What to produce:
Would you go through the records below and copy each line with the string "high"?

╭──

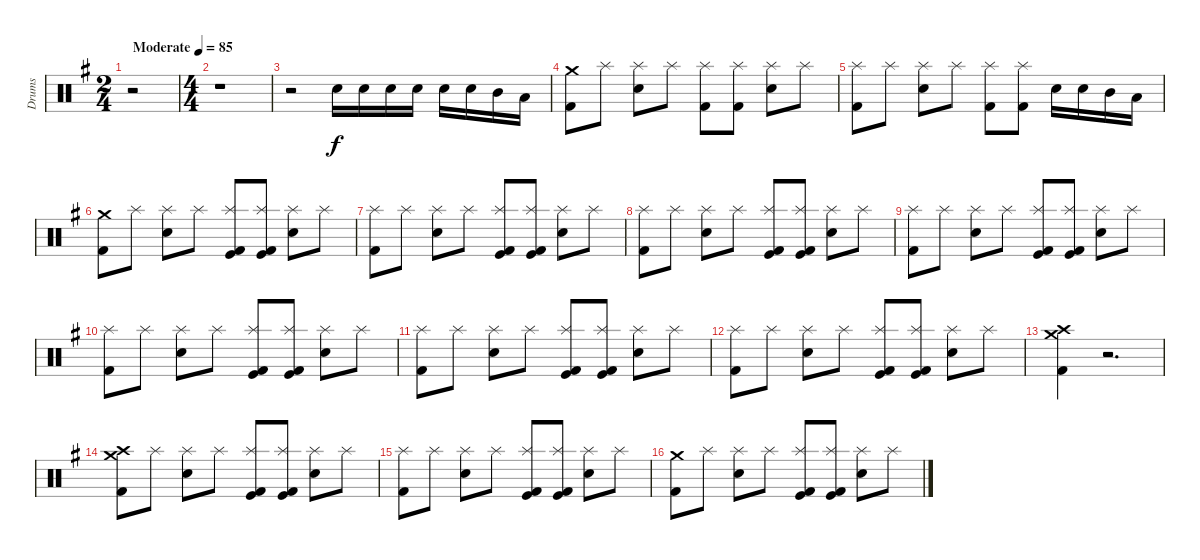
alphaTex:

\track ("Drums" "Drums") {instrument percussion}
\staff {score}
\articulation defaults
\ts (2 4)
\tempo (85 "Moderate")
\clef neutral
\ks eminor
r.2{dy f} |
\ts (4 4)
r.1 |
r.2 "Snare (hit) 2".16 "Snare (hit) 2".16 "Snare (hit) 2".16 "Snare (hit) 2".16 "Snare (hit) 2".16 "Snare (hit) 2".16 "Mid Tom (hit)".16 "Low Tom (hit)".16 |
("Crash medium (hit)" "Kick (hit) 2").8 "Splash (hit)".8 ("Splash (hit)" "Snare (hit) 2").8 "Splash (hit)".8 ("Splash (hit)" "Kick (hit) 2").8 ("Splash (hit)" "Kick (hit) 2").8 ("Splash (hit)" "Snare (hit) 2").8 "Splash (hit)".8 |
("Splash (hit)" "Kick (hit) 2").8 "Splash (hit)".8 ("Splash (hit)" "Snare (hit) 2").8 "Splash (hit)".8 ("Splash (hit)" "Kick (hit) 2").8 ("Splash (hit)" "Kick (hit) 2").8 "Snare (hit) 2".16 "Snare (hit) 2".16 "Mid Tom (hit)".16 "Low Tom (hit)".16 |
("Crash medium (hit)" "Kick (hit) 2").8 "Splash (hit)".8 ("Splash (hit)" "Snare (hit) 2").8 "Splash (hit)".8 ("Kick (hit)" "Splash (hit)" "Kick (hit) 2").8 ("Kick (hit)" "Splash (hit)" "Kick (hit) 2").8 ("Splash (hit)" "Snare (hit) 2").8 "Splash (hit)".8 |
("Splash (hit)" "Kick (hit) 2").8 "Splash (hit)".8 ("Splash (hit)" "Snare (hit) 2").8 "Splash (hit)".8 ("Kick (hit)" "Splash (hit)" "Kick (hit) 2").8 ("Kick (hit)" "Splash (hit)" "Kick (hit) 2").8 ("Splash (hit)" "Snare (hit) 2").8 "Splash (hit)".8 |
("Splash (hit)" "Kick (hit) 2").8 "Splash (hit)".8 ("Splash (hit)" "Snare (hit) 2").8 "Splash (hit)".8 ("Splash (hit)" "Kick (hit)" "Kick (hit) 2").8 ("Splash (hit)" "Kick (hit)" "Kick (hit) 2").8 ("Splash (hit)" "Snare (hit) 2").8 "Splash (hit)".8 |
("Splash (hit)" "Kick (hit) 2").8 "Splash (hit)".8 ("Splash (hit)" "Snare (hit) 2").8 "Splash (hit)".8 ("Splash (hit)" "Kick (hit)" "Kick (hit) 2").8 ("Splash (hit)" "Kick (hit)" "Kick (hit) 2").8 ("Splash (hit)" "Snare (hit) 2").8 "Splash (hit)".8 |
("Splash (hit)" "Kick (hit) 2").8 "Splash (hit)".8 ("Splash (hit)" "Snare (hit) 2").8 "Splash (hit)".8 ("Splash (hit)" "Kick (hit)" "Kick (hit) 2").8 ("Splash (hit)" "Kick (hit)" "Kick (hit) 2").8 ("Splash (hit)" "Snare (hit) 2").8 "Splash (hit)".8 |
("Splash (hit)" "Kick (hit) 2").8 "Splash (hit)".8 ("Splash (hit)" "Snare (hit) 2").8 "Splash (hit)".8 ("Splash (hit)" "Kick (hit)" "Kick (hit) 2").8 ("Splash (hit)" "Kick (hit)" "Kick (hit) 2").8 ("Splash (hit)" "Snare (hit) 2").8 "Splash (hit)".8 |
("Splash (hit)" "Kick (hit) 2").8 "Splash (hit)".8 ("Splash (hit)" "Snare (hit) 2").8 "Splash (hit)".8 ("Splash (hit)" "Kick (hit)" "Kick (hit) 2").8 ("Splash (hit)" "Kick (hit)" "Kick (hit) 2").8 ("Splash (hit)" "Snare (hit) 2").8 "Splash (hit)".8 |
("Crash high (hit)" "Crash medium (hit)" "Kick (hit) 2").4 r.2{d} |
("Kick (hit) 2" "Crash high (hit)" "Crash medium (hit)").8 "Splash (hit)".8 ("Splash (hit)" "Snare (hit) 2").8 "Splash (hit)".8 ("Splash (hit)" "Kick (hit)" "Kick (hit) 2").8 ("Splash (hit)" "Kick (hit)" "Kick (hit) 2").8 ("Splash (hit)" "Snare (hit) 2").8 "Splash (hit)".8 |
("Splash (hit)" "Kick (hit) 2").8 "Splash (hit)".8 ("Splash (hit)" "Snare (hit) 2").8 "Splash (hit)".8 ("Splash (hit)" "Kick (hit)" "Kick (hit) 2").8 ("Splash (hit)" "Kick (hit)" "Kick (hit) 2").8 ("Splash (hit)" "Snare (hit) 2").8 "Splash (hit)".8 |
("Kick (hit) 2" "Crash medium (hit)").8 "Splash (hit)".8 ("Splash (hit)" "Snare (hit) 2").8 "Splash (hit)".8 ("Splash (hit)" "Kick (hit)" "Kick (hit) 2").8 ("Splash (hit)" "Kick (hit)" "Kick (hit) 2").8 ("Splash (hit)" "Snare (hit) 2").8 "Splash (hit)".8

╰──

Output of the task:
("Crash high (hit)" "Crash medium (hit)" "Kick (hit) 2").4 r.2{d} |
("Kick (hit) 2" "Crash high (hit)" "Crash medium (hit)").8 "Splash (hit)".8 ("Splash (hit)" "Snare (hit) 2").8 "Splash (hit)".8 ("Splash (hit)" "Kick (hit)" "Kick (hit) 2").8 ("Splash (hit)" "Kick (hit)" "Kick (hit) 2").8 ("Splash (hit)" "Snare (hit) 2").8 "Splash (hit)".8 |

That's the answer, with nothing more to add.